**Work to complete:**
For each entry, restate it word for word while omitting any image it holds.

**Input records:**

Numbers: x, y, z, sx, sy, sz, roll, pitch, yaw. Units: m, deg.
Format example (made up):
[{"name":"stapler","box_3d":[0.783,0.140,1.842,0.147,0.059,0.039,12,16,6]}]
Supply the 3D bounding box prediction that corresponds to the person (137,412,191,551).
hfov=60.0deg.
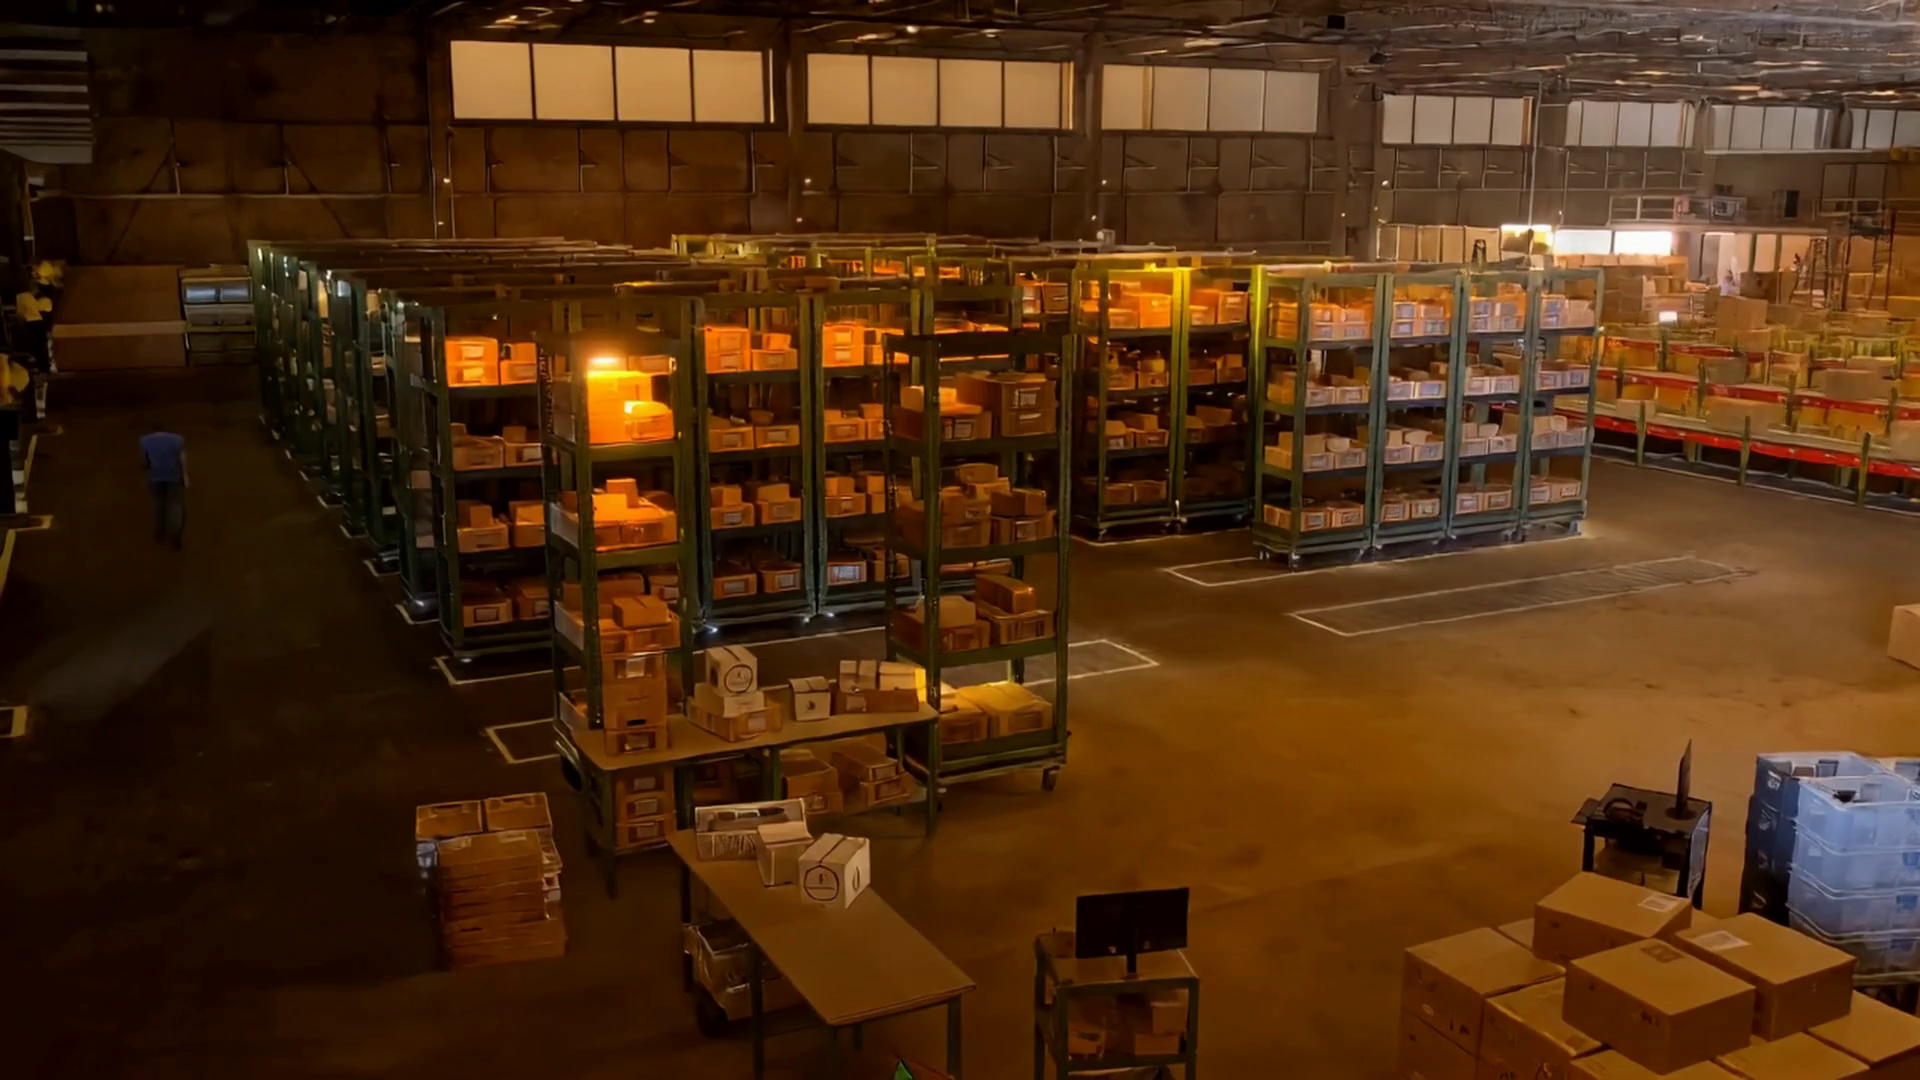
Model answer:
[{"name":"person","box_3d":[-10.342,-0.766,21.660,0.588,1.800,0.980,-7,14,-29]}]

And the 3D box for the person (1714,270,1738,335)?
[{"name":"person","box_3d":[24.084,-7.445,52.302,0.373,2.043,0.615,-7,14,-29]}]

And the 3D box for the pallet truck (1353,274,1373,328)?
[{"name":"pallet truck","box_3d":[13.011,-8.050,55.243,0.823,1.965,1.885,-7,14,-28]}]

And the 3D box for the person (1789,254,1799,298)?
[{"name":"person","box_3d":[34.480,-10.890,68.827,0.360,1.879,0.579,9,15,36]}]

**Result for this task:**
Numbers: x, y, z, sx, sy, sz, roll, pitch, yaw. Units: m, deg.
Format example (made up):
[{"name":"stapler","box_3d":[0.783,0.140,1.842,0.147,0.059,0.039,12,16,6]}]
Supply the 3D bounding box prediction that corresponds to the person (137,412,191,551).
hfov=60.0deg.
Model answer:
[{"name":"person","box_3d":[-10.342,-0.766,21.660,0.588,1.800,0.980,-7,14,-29]}]

And the 3D box for the person (1714,270,1738,335)?
[{"name":"person","box_3d":[24.084,-7.445,52.302,0.373,2.043,0.615,-7,14,-29]}]

And the 3D box for the pallet truck (1353,274,1373,328)?
[{"name":"pallet truck","box_3d":[13.011,-8.050,55.243,0.823,1.965,1.885,-7,14,-28]}]

And the 3D box for the person (1789,254,1799,298)?
[{"name":"person","box_3d":[34.480,-10.890,68.827,0.360,1.879,0.579,9,15,36]}]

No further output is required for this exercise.